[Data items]
%%

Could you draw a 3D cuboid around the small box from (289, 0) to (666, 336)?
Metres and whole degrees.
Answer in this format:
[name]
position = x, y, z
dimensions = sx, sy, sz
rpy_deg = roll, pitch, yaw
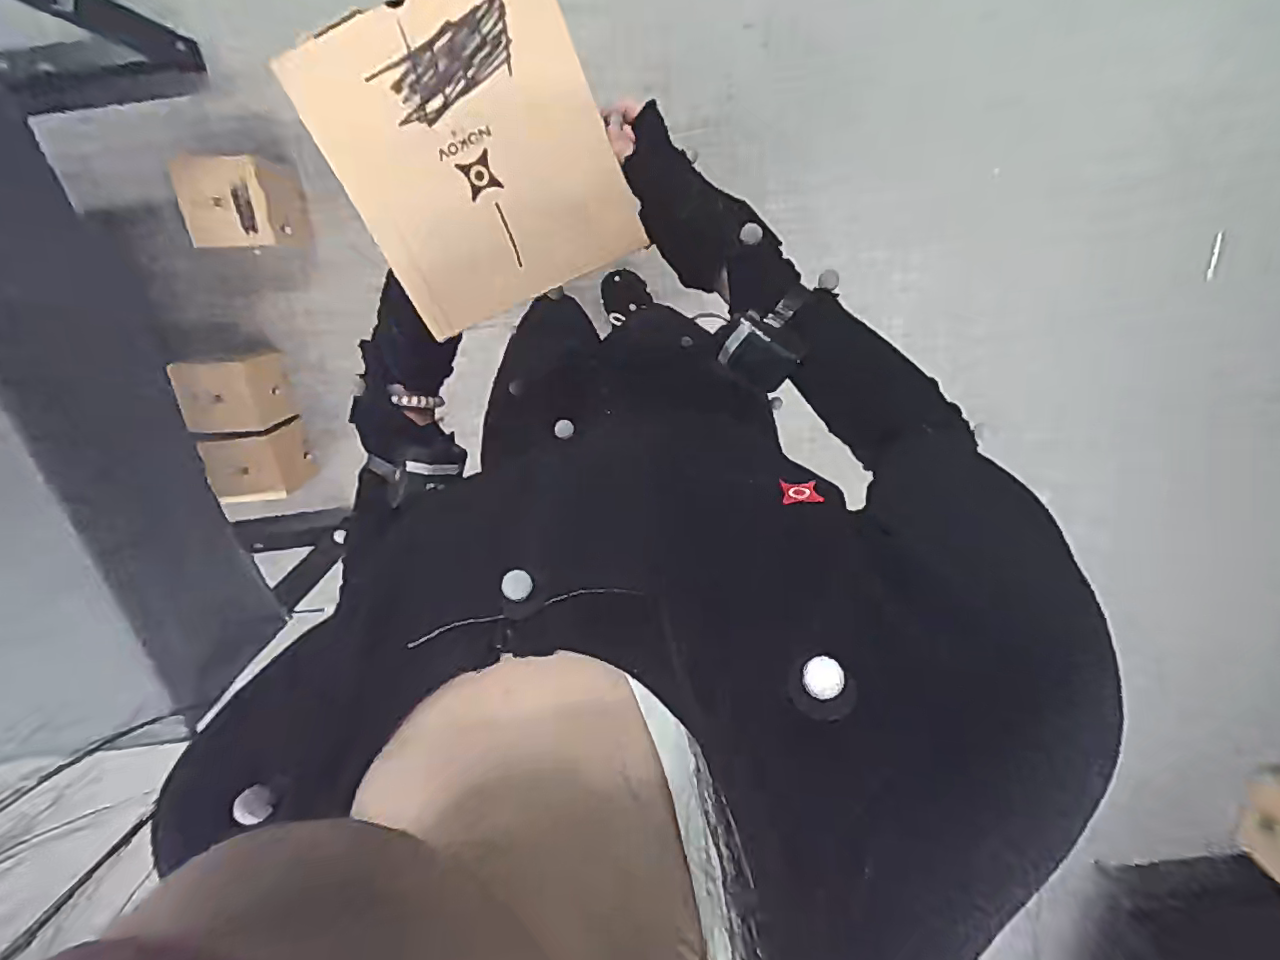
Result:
[small box]
position = -0.093, -0.230, 0.393
dimensions = 0.168, 0.176, 0.179
rpy_deg = -20, 116, 7
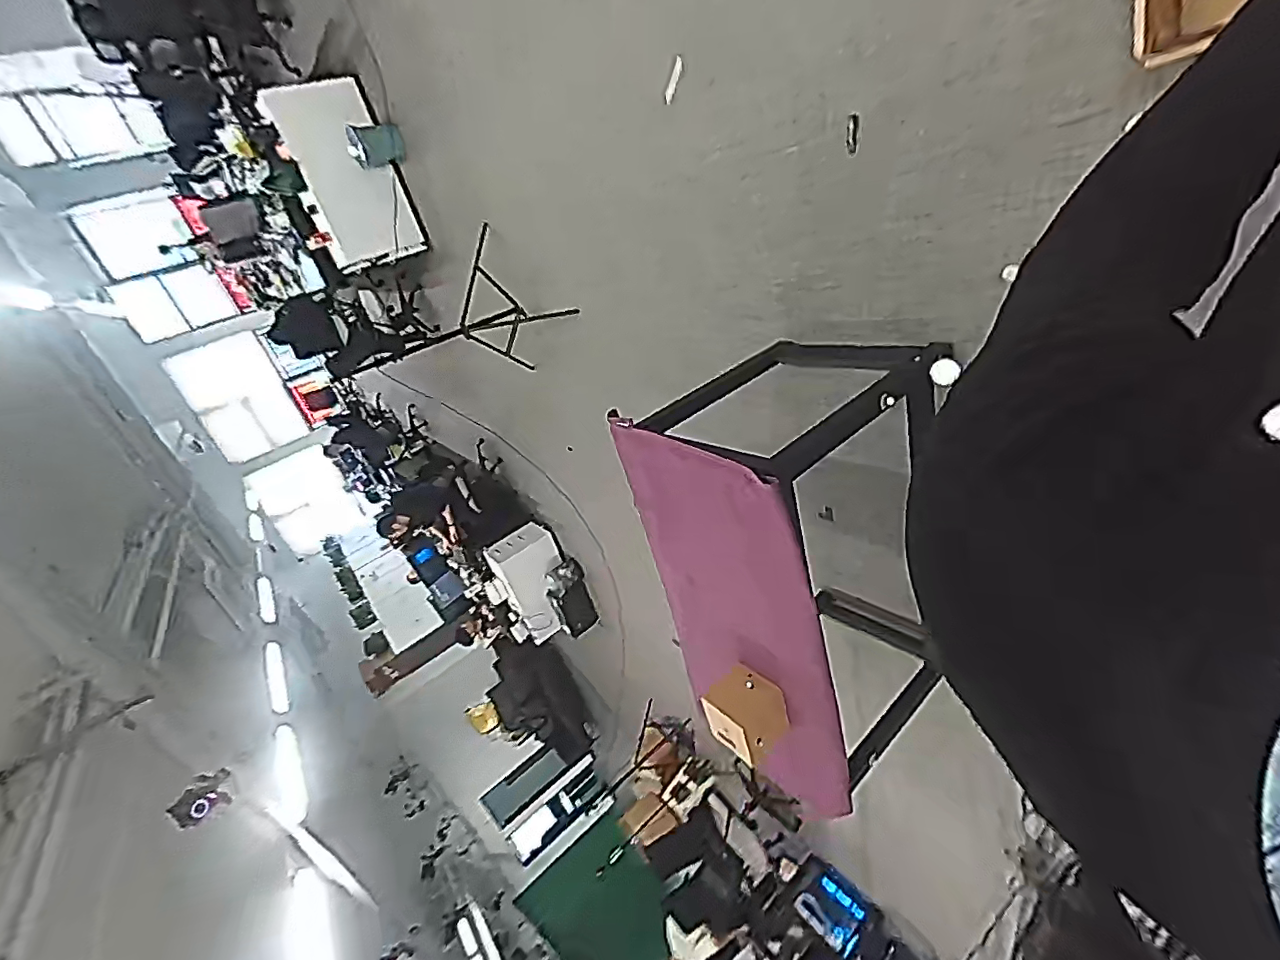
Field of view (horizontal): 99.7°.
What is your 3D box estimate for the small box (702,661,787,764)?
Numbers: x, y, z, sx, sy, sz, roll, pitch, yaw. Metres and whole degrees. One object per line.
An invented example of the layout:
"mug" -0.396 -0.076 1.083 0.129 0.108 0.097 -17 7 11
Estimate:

%%

What the exercise asks = The answer must consist of the lines from the one with "0.097 -17 7 11" through the final line of the entries above, exactly as they are, and nothing else.

Response box =
"mug" -0.396 -0.076 1.083 0.129 0.108 0.097 -17 7 11
Estimate:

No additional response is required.